Order isomorphisms and bounds.

theorem OrderIso.upperBounds_image {α : Type u_1} {β : Type u_2} [Preorder α] [Preorder β] (f : α ≃o β) {s : Set α} : upperBounds (⇑f '' s) = ⇑f '' upperBounds s

theorem OrderIso.lowerBounds_image {α : Type u_1} {β : Type u_2} [Preorder α] [Preorder β] (f : α ≃o β) {s : Set α} : lowerBounds (⇑f '' s) = ⇑f '' lowerBounds s

@[simp]

theorem OrderIso.isLUB_image {α : Type u_1} {β : Type u_2} [Preorder α] [Preorder β] (f : α ≃o β) {s : Set α} {x : β} : IsLUB (⇑f '' s) x ↔ IsLUB s (f.symm x)

theorem OrderIso.isLUB_image' {α : Type u_1} {β : Type u_2} [Preorder α] [Preorder β] (f : α ≃o β) {s : Set α} {x : α} : IsLUB (⇑f '' s) (f x) ↔ IsLUB s x

@[simp]

theorem OrderIso.isGLB_image {α : Type u_1} {β : Type u_2} [Preorder α] [Preorder β] (f : α ≃o β) {s : Set α} {x : β} : IsGLB (⇑f '' s) x ↔ IsGLB s (f.symm x)
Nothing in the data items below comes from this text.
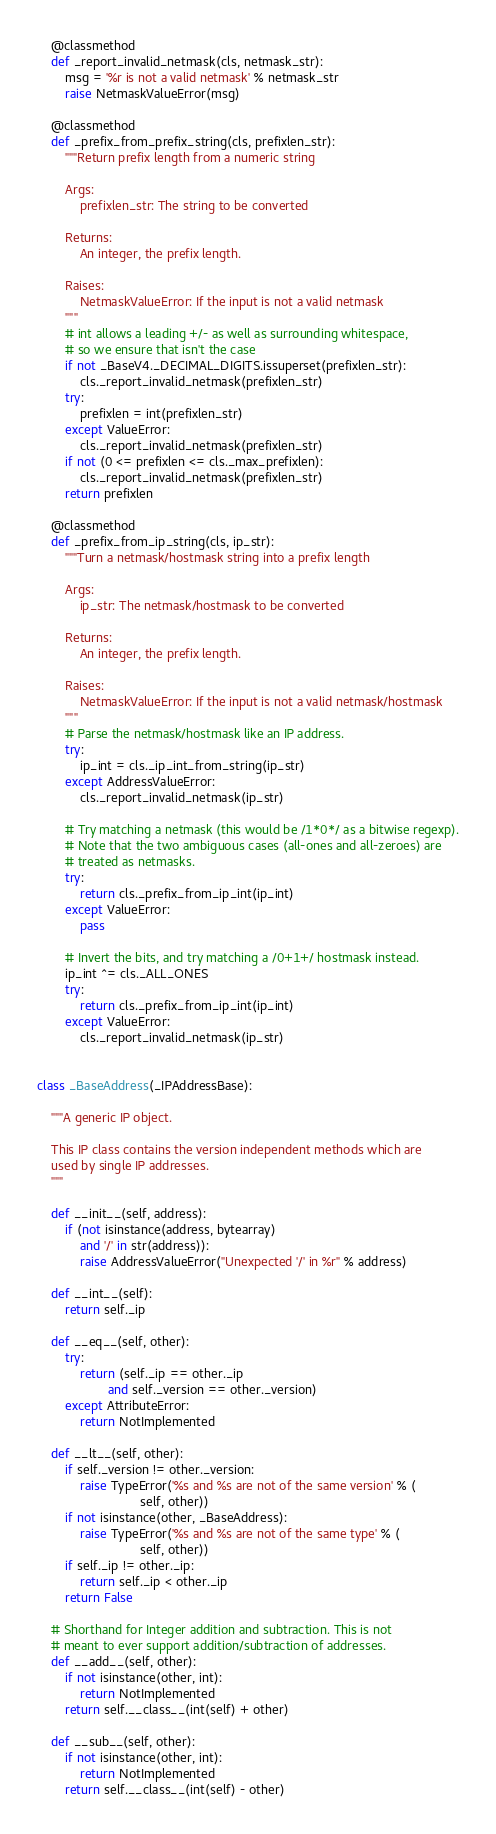Convert code to text. <code><loc_0><loc_0><loc_500><loc_500><_Python_>    @classmethod
    def _report_invalid_netmask(cls, netmask_str):
        msg = '%r is not a valid netmask' % netmask_str
        raise NetmaskValueError(msg)

    @classmethod
    def _prefix_from_prefix_string(cls, prefixlen_str):
        """Return prefix length from a numeric string

        Args:
            prefixlen_str: The string to be converted

        Returns:
            An integer, the prefix length.

        Raises:
            NetmaskValueError: If the input is not a valid netmask
        """
        # int allows a leading +/- as well as surrounding whitespace,
        # so we ensure that isn't the case
        if not _BaseV4._DECIMAL_DIGITS.issuperset(prefixlen_str):
            cls._report_invalid_netmask(prefixlen_str)
        try:
            prefixlen = int(prefixlen_str)
        except ValueError:
            cls._report_invalid_netmask(prefixlen_str)
        if not (0 <= prefixlen <= cls._max_prefixlen):
            cls._report_invalid_netmask(prefixlen_str)
        return prefixlen

    @classmethod
    def _prefix_from_ip_string(cls, ip_str):
        """Turn a netmask/hostmask string into a prefix length

        Args:
            ip_str: The netmask/hostmask to be converted

        Returns:
            An integer, the prefix length.

        Raises:
            NetmaskValueError: If the input is not a valid netmask/hostmask
        """
        # Parse the netmask/hostmask like an IP address.
        try:
            ip_int = cls._ip_int_from_string(ip_str)
        except AddressValueError:
            cls._report_invalid_netmask(ip_str)

        # Try matching a netmask (this would be /1*0*/ as a bitwise regexp).
        # Note that the two ambiguous cases (all-ones and all-zeroes) are
        # treated as netmasks.
        try:
            return cls._prefix_from_ip_int(ip_int)
        except ValueError:
            pass

        # Invert the bits, and try matching a /0+1+/ hostmask instead.
        ip_int ^= cls._ALL_ONES
        try:
            return cls._prefix_from_ip_int(ip_int)
        except ValueError:
            cls._report_invalid_netmask(ip_str)


class _BaseAddress(_IPAddressBase):

    """A generic IP object.

    This IP class contains the version independent methods which are
    used by single IP addresses.
    """

    def __init__(self, address):
        if (not isinstance(address, bytearray)
            and '/' in str(address)):
            raise AddressValueError("Unexpected '/' in %r" % address)

    def __int__(self):
        return self._ip

    def __eq__(self, other):
        try:
            return (self._ip == other._ip
                    and self._version == other._version)
        except AttributeError:
            return NotImplemented

    def __lt__(self, other):
        if self._version != other._version:
            raise TypeError('%s and %s are not of the same version' % (
                             self, other))
        if not isinstance(other, _BaseAddress):
            raise TypeError('%s and %s are not of the same type' % (
                             self, other))
        if self._ip != other._ip:
            return self._ip < other._ip
        return False

    # Shorthand for Integer addition and subtraction. This is not
    # meant to ever support addition/subtraction of addresses.
    def __add__(self, other):
        if not isinstance(other, int):
            return NotImplemented
        return self.__class__(int(self) + other)

    def __sub__(self, other):
        if not isinstance(other, int):
            return NotImplemented
        return self.__class__(int(self) - other)
</code>

theorem OrderIso.isGLB_image' {α : Type u_1} {β : Type u_2} [Preorder α] [Preorder β] (f : α ≃o β) {s : Set α} {x : α} : IsGLB (⇑f '' s) (f x) ↔ IsGLB s x

@[simp]

theorem OrderIso.isLUB_preimage {α : Type u_1} {β : Type u_2} [Preorder α] [Preorder β] (f : α ≃o β) {s : Set β} {x : α} : IsLUB (⇑f ⁻¹' s) x ↔ IsLUB s (f x)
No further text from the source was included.